Remember that heat injuries affect the “level of consciousness” first. If your running partner seems unaware, confused or more combative than usual it may be the first sign of a problem.

Remember the “chill vest” you saw in the Beijing Olympics? Think about a run that includes a spin through the sprinkler, dip in the stream, or a shower every other lap. Try to keep your shoes dry to prevent blisters but keep your core temperature low so that the blood used to power your legs is not reallocated to cooling your body.

This low core temp concept is another strong argument for going out slow. You need to do your fast running, if any, closer to the end of your workout so that you can then cool down properly. Fast running early will leave you hotter and more sluggish throughout the workout.

Running very early or very late in the day is a big help. Consider night runs with reflectors and a flashlight as one way to beat the heat. Our area has several parks and a bike trail where you can run cool and not be concerned with traffic. While mornings may see the highest humidity levels, temperatures are lower and so the heat index is tolerable for many. Notice that many desert cultures cover themselves completely with light colors and loose clothing that allows air circulation. If you choose to bare the skin to speed cooling, wear your sunscreen.

Conduction cooling: many folks freeze a hat or bandanna and wear it to provide additional cooling. Some even stash a cooler out on the route for a second frozen hat or ice water.
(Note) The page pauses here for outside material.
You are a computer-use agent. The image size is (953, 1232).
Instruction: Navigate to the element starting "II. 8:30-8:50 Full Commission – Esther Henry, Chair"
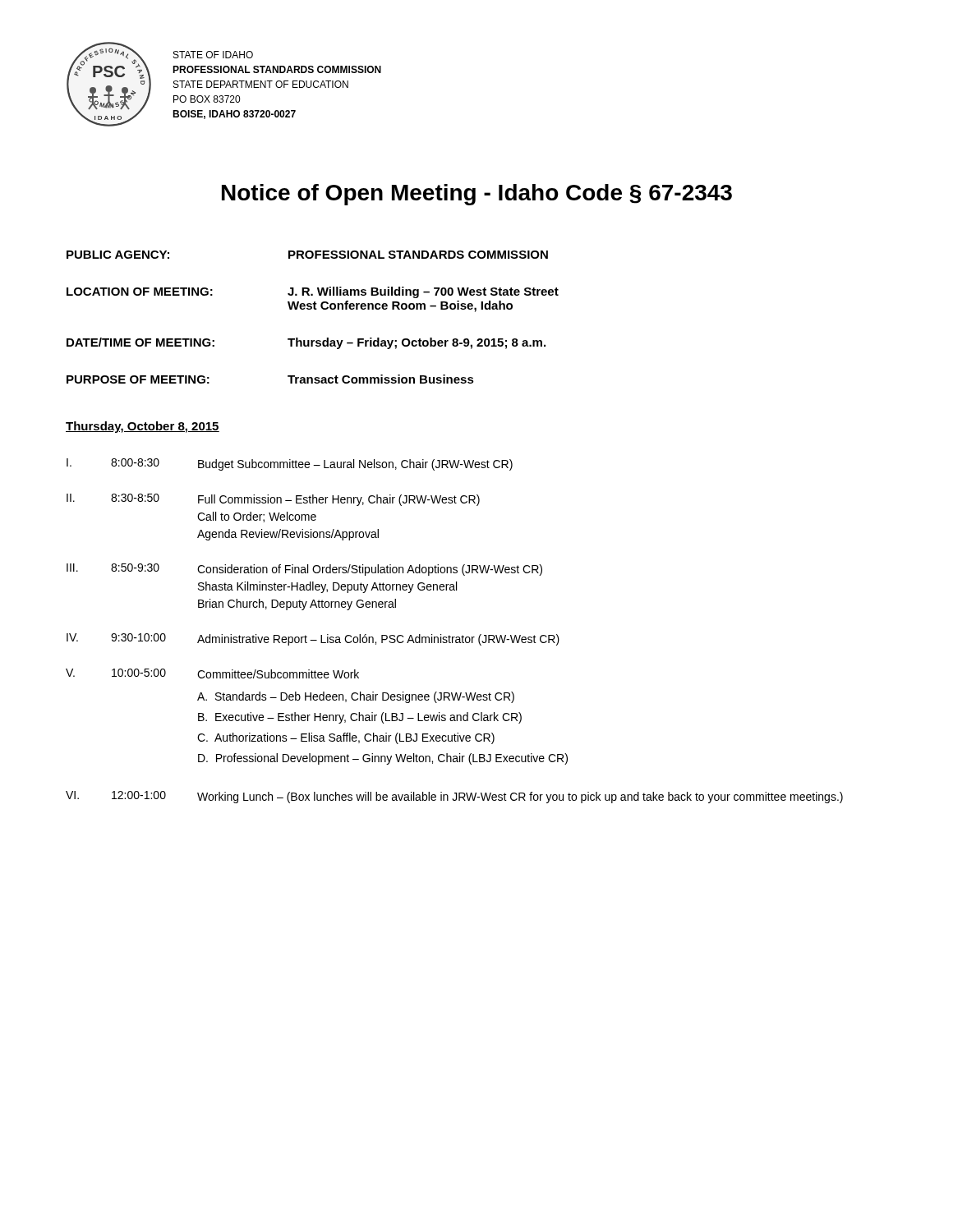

Dumping one cup of cold water over your head while drinking the other at aid stations may help. Choose shady routes and plan to slow down; one study has shown that 54 degrees is perfect for running and that we can expect each 7 degree increase above this temperature to slow runners one minute/mile.

HEAT INDEX the NWS provides these numbers for reference – when temperature & humidity meet or exceed these combinations you need to find a treadmill in the AC. Again our area has several great facilities for air-conditioned running and both enjoy brand new treadmills.
Temp Humidity

86 90
88 80
90 70
92 60
94 55
96 45
98 40

Research has shown that you can absorb as much as one liter/hour of fluid. Your minimum daily allowance of fluids is 8-10 glasses a day (64oz) but 128oz is even better for runners or folks who engage in an hour or more of exercise daily. You can “pre-hydrate” yourself on days you know you are running in the heat which is preventative because you can, after adapting to the heat, easily sweat 2 liters/hour during heavy exertion. You will benefit from the additional fluid volume for cooling the body as long as you do not drink more than you can absorb right before a run, which may lead to sloshing while you run. As long as you are eating a normal diet you will not need additional salt or electrolytes to adapt to heat and added salt may prove to be a stressor. Keep it simple with water and it’s cheaper – as well as always available. Sugars generally slow the absorption of fluids so while some may need sweeteners/drink mix to make water appealing to drink – be careful not to create a problem with gastric emptying pre-run.

Think about a water bottle, hydration pack, fanny pack or fuel belt that you can use to carry fluids during these very hot months. I do not target a lot of gear recommendations because every one likes their own style on this kind of thing, but something to keep you hydrated will make your runs safer and more enjoyable.